Chen Xiaodong, Fang Ling, Huang Yiying, Huang Yu, Lu Yi, Wang Jinhui, Liu Chunxin, Liao Huanquan, Zhou Liemin, Qiu Wei, Shu Yaqing
Department of Neurology, The Seventh Affiliated Hospital, Sun Yat-sen University, No. 628, Zhenyuan Road, Guangming District, Shenzhen 518106 Guangdong, China; Department of Neurology, The Third Affiliated Hospital of Sun Yat-sen University, No. 600, Tianhe Road, Tianhe District, Guangzhou 510630 Guangdong, China.

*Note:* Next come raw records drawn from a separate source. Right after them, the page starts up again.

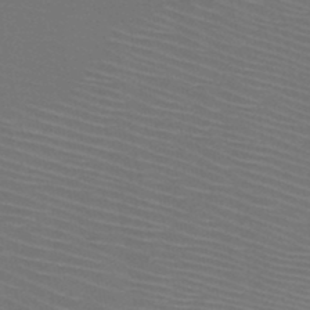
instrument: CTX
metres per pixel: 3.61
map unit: HNb
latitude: -47.7477
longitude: -42.6491

Department of Radiology, The Third Affiliated Hospital of Sun Yat-sen University, No. 600, Tianhe Road, Tianhe District, Guangzhou 510630 Guangdong, China.
Neuroimage Clin. 2025 May 24;47:103808. doi: 10.1016/j.nicl.2025.103808.

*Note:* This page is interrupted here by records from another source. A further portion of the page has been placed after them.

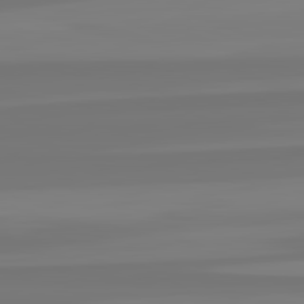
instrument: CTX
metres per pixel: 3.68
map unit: lApd
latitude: 82.5734
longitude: -176.6490
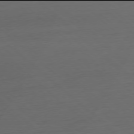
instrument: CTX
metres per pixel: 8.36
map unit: Ap
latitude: -78.0094
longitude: -92.1577
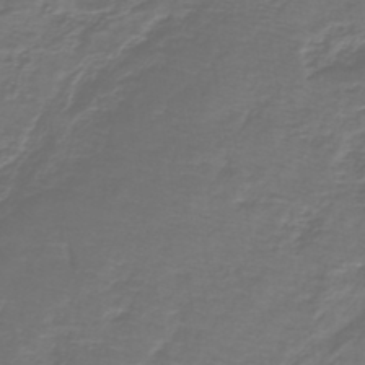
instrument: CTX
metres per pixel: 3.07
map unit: lHb
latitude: -43.2187
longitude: 57.1620
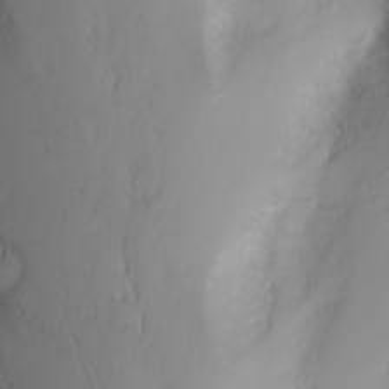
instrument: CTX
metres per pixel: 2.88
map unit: Nhu
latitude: -3.1053
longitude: -72.2523

Patients with anti-NMDAR encephalitis typically exhibit impaired cognitive integration, which relies on the integrity of long-range association fibers connecting diverse brain regions. However, the microstructural integrity of long-range association fibers in this population remains unknown.
Diffusion tensor imaging (DTI) data were collected from 32 patients with anti-NMDAR encephalitis and 30 healthy controls. Patients were further categorized into early and delayed immunotherapy subgroups based on a 2-week threshold for immunotherapy initiation. The diffusion properties of major long-range association fibers were quantified at both the bundle and node levels.
Compared with healthy controls, patients exhibited widespread microstructural damage within long-range association fibers, with more severe alterations in the delayed immunotherapy subgroup (FDR-corrected p < 0.05). In this subgroup(n = 14), radial diffusivity (RD) of left inferior fronto-occipital fasciculus (IFOF), left inferior longitudinal fasciculus (ILF), left superior longitudinal fascicles (SLF), and bilateral arcuate fascicles correlated significantly with global cognition (MMSE, FDR-corrected p < 0.05). Notably, RD also strongly correlated with working memory in the delayed immunotherapy subgroup, showing bundle-wise associations for IFOF (left: r = -0.8315, p = 0.0112; right: r = -0.7044, p = 0.0295), ILF (left: r = -0.7473, p = 0.0243), SLF (left: r = -0.7562, p = 0.0243; right: r = -0.6599, p = 0.0391), and arcuate fasciculus (left: r = -0.7240, p = 0.0272; right: r = -0.6835, p = 0.0333), with left-hemisphere predominance confirmed by node-wise analyses of IFOF, ILF, SLF, and arcuate fasciculus (FDR-corrected p < 0.05).
Our findings highlight widespread microstructural damage in long-range association fibers in patients with anti-NMDAR encephalitis, particularly in those with delayed immunotherapy. This damage may serve as the neurophysiological basis for cognitive impairments, with working memory being most affected.
抗N-甲基-D-天冬氨酸受体(NMDAR)脑炎患者通常表现出认知整合受损,这依赖于连接不同脑区的长程联合纤维的完整性。然而,该人群中长程联合纤维的微观结构完整性仍不清楚。
收集了32例抗NMDAR脑炎患者和30名健康对照者的扩散张量成像(DTI)数据。根据免疫治疗开始的2周阈值,将患者进一步分为早期和延迟免疫治疗亚组。在束和节点水平上对主要长程联合纤维的扩散特性进行了量化。
与健康对照相比,患者在长程联合纤维中表现出广泛的微观结构损伤,延迟免疫治疗亚组的改变更为严重(错误发现率校正p<0.05)。在该亚组(n = 14)中,左侧额枕下束(IFOF)、左侧下纵束(ILF)、左侧上纵束(SLF)和双侧弓状束的径向扩散率(RD)与整体认知显著相关(简易精神状态检查表,错误发现率校正p<0.05)。值得注意的是,RD在延迟免疫治疗亚组中也与工作记忆密切相关,显示出IFOF(左侧:r = -0.8315,p = 0.0112;右侧:r = -0.7044,p = 0.0295)、ILF(左侧:r = -0.7473,p = 0.0243)、SLF(左侧:r = -0.7562,p = 0.0243;右侧:r = -0.6599,p = 0.0391)和弓状束(左侧:r = -0.7240,p = 0.0272;右侧:r = -0.6835,p = 0.0333)的束状关联,通过对IFOF、ILF、SLF和弓状束的节点分析证实了左半球优势(错误发现率校正p<0.05)。
我们的研究结果突出了抗NMDAR脑炎患者长程联合纤维中广泛的微观结构损伤,特别是在延迟免疫治疗的患者中。这种损伤可能是认知障碍的神经生理基础,其中工作记忆受影响最大。